What will she be doing? She is not sure yet. That remains a mystery until she arrives.

Soweto has many issues with the victims of AIDS, their families or anybody affected by AIDS, and much is needed to help those afflicted. She will also work to help orphans, jobs, education, and the income generated from the programs. It is a community generated program.

Traveling isn't new to Emily, nor is mission work. Emily, her father, Ed, as well as her brother, Matt, went to Cairo, Illinois on a mission trip two years ago. This past year, as a college project, Emily and 12 other students participated in a month-long study in Tanzania. This trip to South Africa will be a second "long" plane ride for Emily.

Emily anticipates this experience as something fantastic where she will not only be of help to others but hopes to enrich her own abilities with things learned while working in this outstanding atmosphere.  Soweto is the largest black community in South Africa and it is enterprising and affluent with possibilities and businesses.

There are 11 languages spoken there. Though Emily is qualified to speak some Spanish following years of study in high school and college, that is not one of the languages spoken there, however English is. She laughed when she said, "I am hoping to pick up a bit of the language of Zulu to add to my multi-language repertoire."

Emily, the oldest in the Dahle family, is 22, and only sister of two brothers. Matt, 19, attends college at South Dakota State, and Gabe, 13, is going into 8th grade at NRHEG.

Emily participated in volleyball, gymnastics and softball, as well as played in the high school band, and was a member of the Color Guard.
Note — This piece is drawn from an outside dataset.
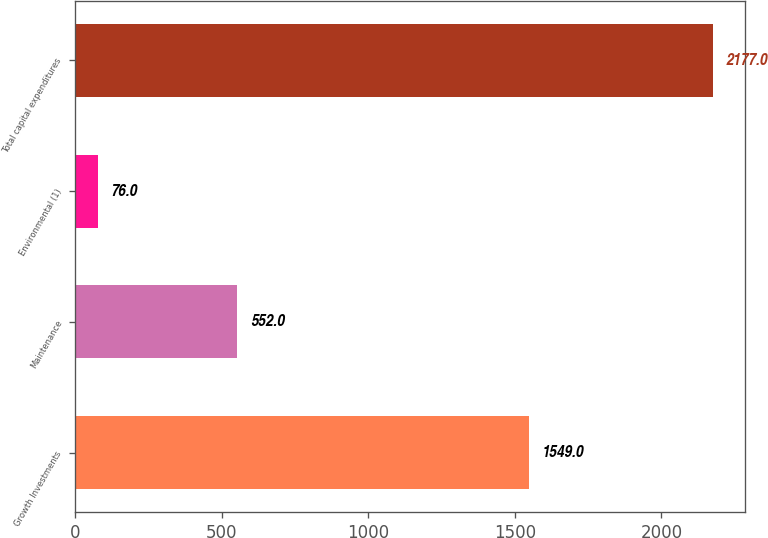Convert chart. <chart><loc_0><loc_0><loc_500><loc_500><bar_chart><fcel>Growth Investments<fcel>Maintenance<fcel>Environmental (1)<fcel>Total capital expenditures<nl><fcel>1549<fcel>552<fcel>76<fcel>2177<nl></chart> 
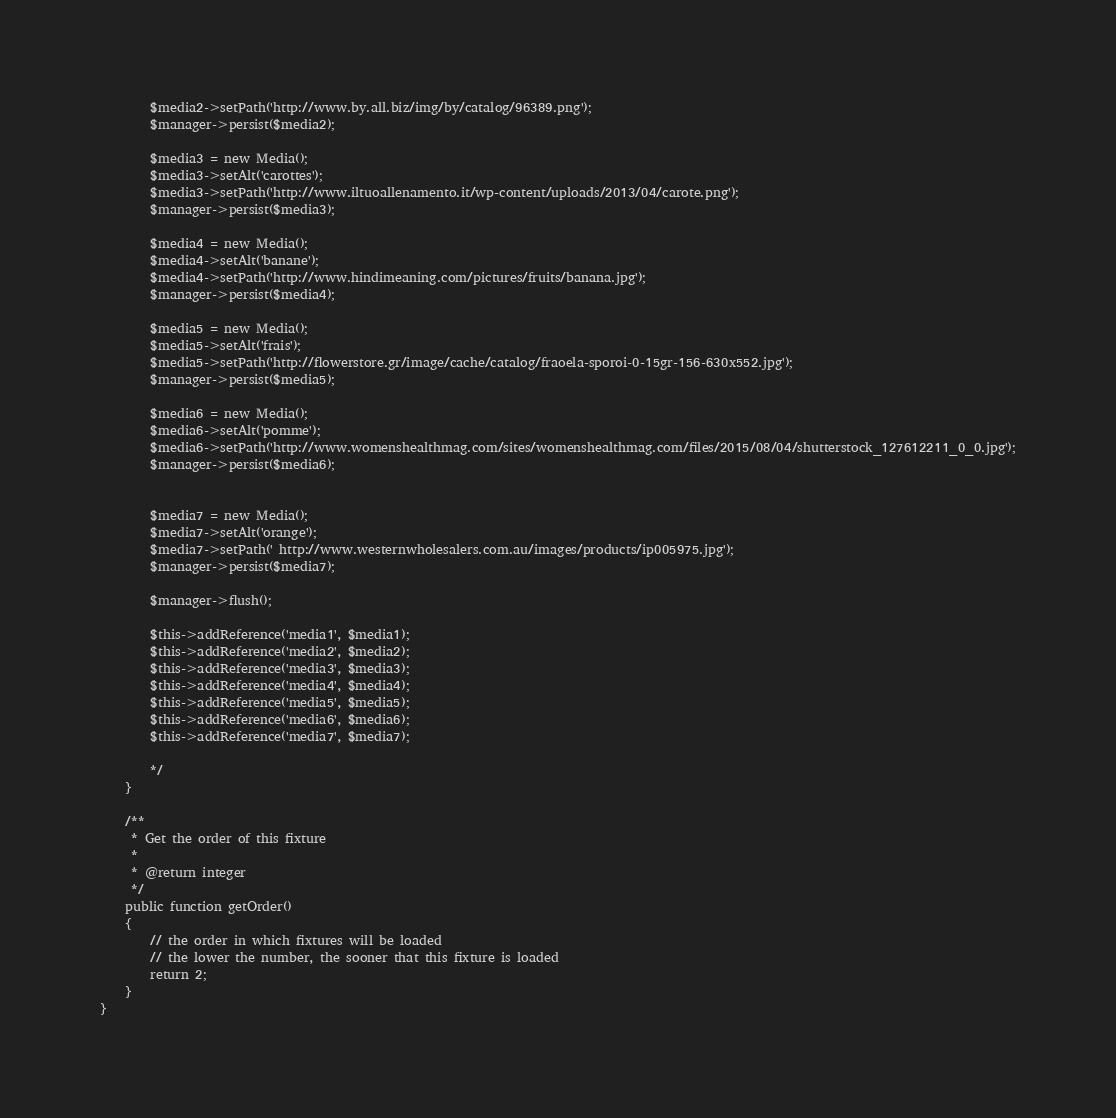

She also worked at St. Olaf Lake during the summers, first in the concession stand, later as a lifeguard.

The Dahles live on an acreage south of Pontoppidan Lutheran Church, which they attend. Living near Owatonna, Ed worked at different jobs and currently enjoys working for a local farmer. Darlyne has been teaching in the NRHEG school system since 1993, particularly in the most important preschool classes. She loves her work and the opportunity to be a part of what she believes is the most attractive and inspiring school system.

Emily hopes to keep in touch with family and friends via computer and Facebook while she is off doing missionary work. This enterprising young lady hopes to be able to give the NRHEG Star Eagle some timely reports of "Life in South Africa."

Her parents are making plans to visit her during the Christmas holiday, when it will be summer there.  he is not sure how intense the heat can be during the summer, but when she arrives in that hemisphere, "winter" evening temperatures can reach as low as 40 degrees.

Our thoughts and prayers go with Emily on this journey of a lifetime. Another industrious young person who is indeed making a difference!